Action item: Output all entries verbatim, dropping pictures.
= = = = = = =
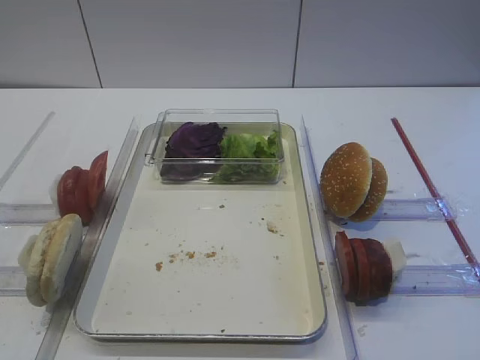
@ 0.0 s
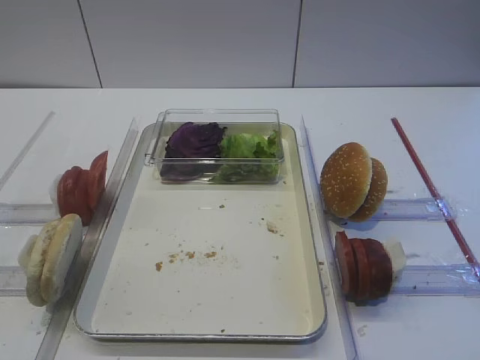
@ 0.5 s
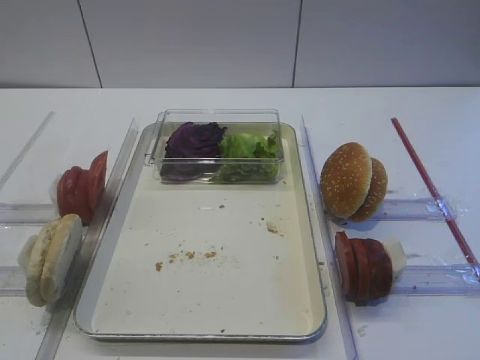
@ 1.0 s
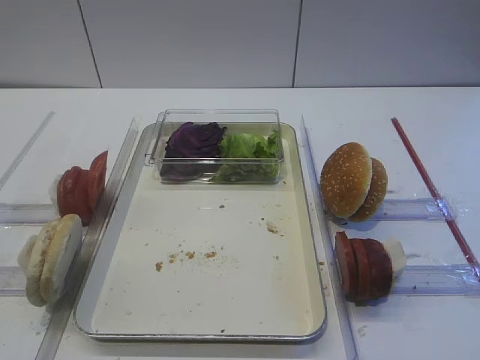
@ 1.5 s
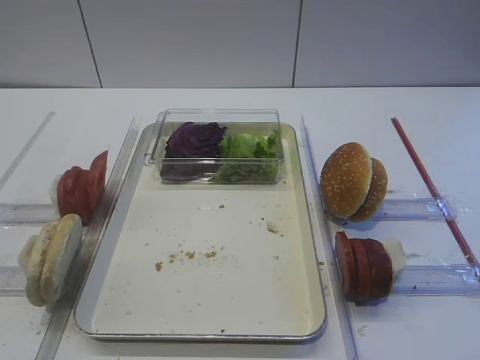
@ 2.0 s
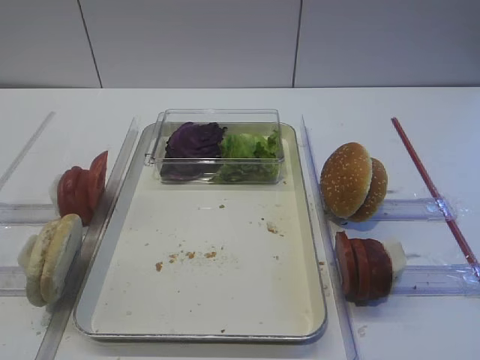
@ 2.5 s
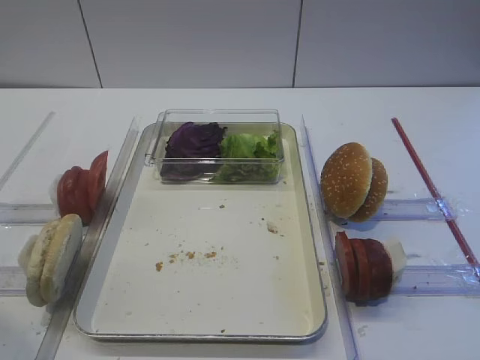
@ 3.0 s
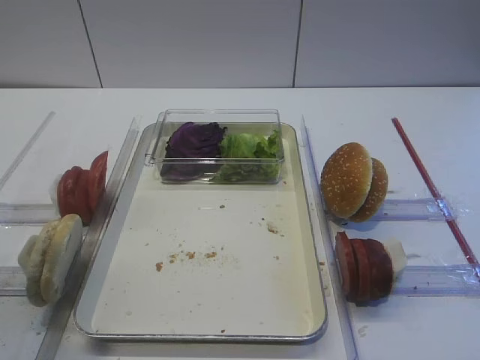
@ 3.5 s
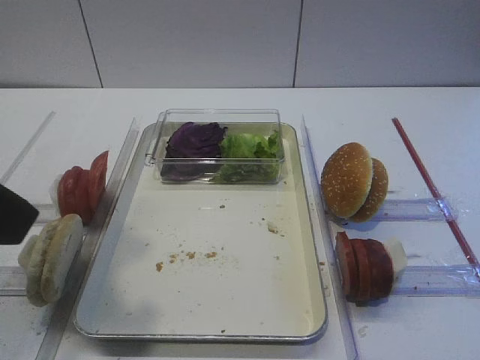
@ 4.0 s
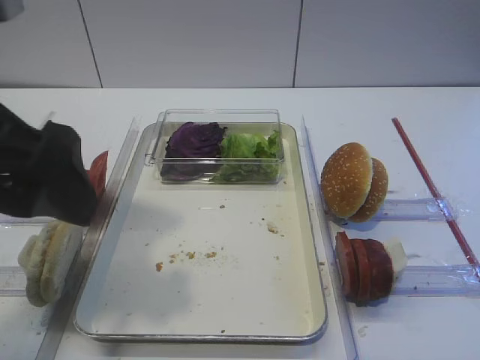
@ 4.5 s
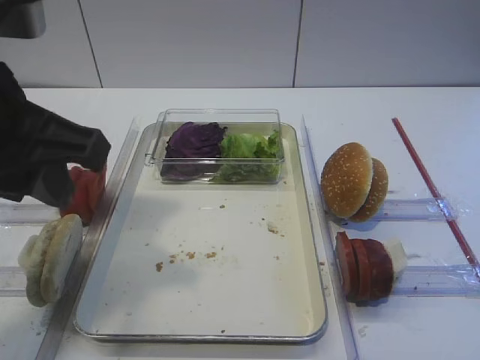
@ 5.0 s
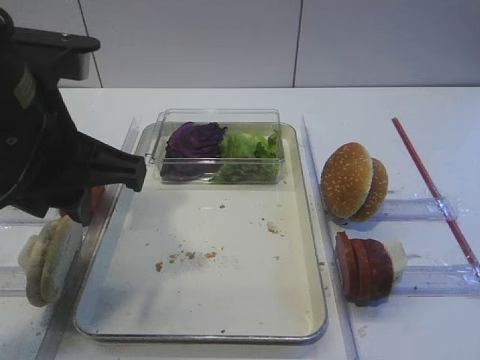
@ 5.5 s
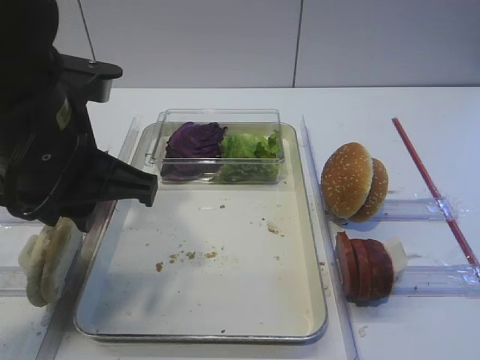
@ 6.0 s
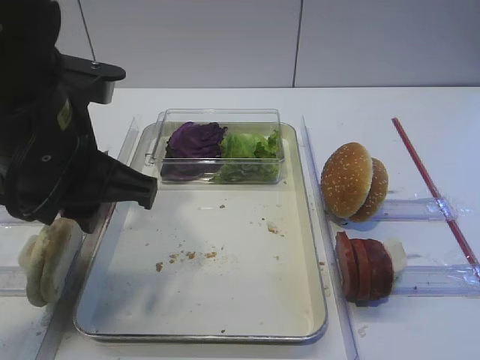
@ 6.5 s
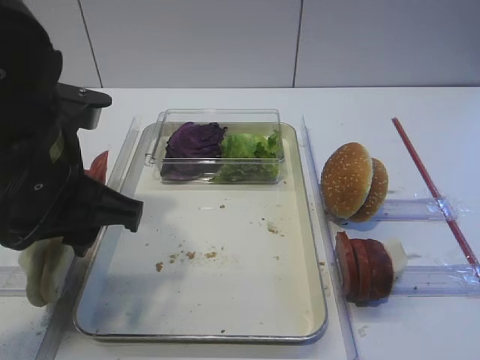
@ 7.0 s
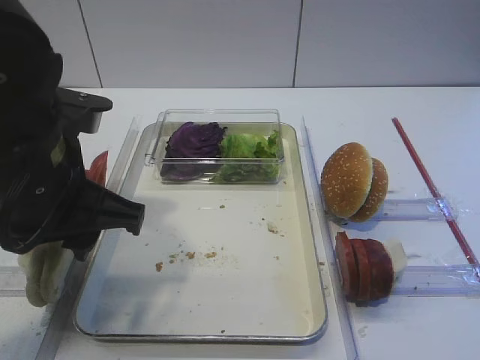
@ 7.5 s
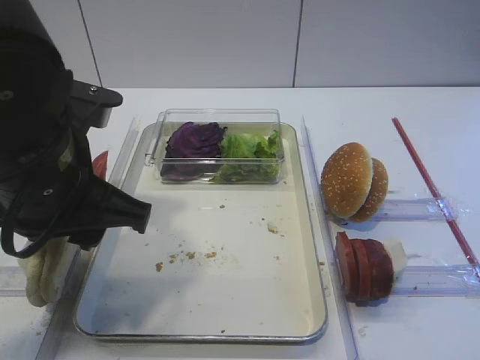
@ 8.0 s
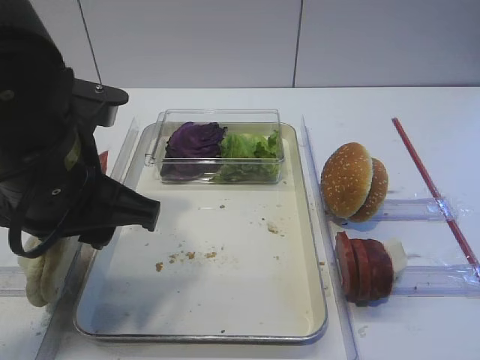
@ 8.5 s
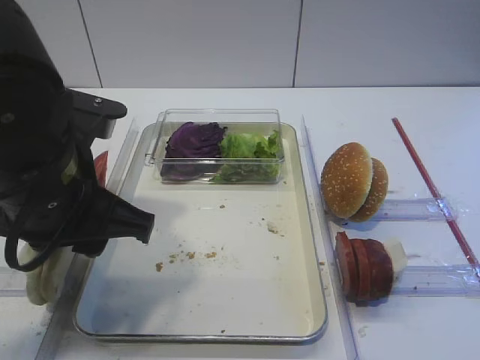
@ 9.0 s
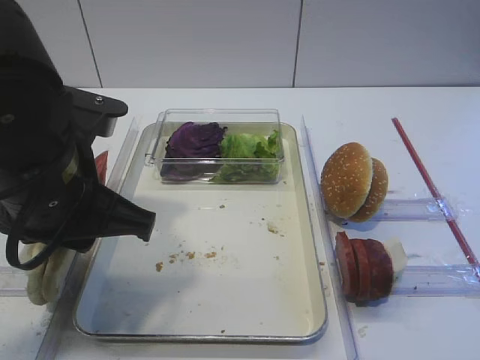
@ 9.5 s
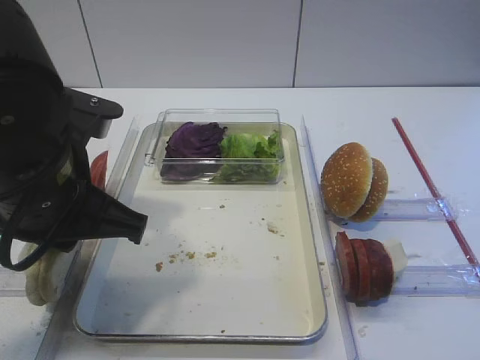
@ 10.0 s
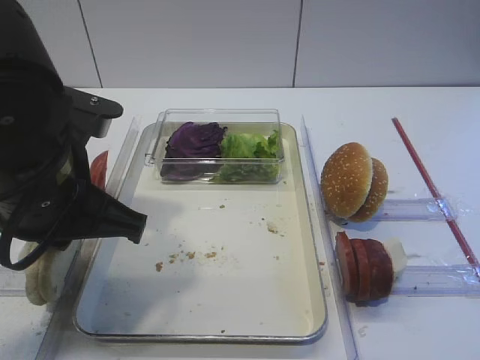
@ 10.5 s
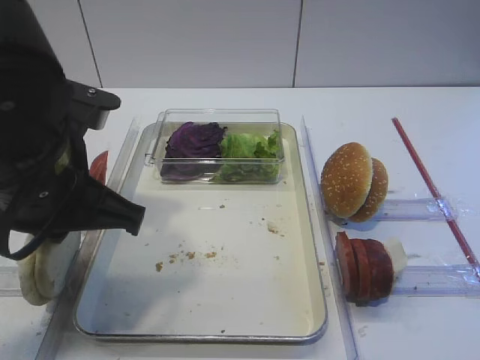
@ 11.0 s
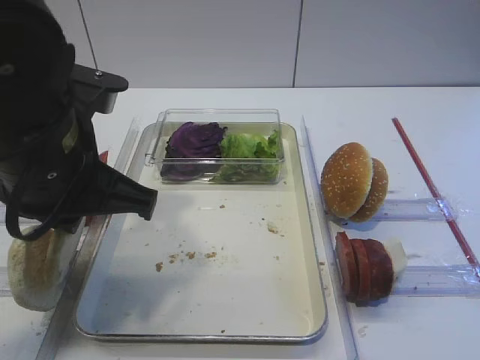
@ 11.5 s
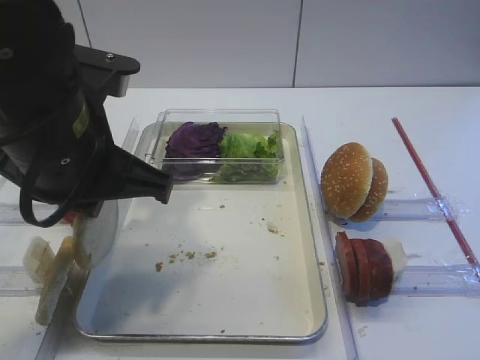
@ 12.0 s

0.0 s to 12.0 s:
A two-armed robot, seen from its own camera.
= = = = = = =
Task solution:
@ 0.0 s
@ 0.5 s
@ 1.0 s
@ 1.5 s
@ 2.0 s
@ 2.5 s
@ 3.0 s
@ 3.5 s
@ 4.0 s
@ 4.5 s
@ 5.0 s
@ 5.5 s
@ 6.0 s
@ 6.5 s
@ 7.0 s
@ 7.5 s
@ 8.0 s
@ 8.5 s
@ 9.0 s
@ 9.5 s
@ 10.0 s
@ 10.5 s
@ 11.0 s
@ 11.5 s
@ 12.0 s

0.0 s to 12.0 s:
A two-armed robot, seen from its own camera.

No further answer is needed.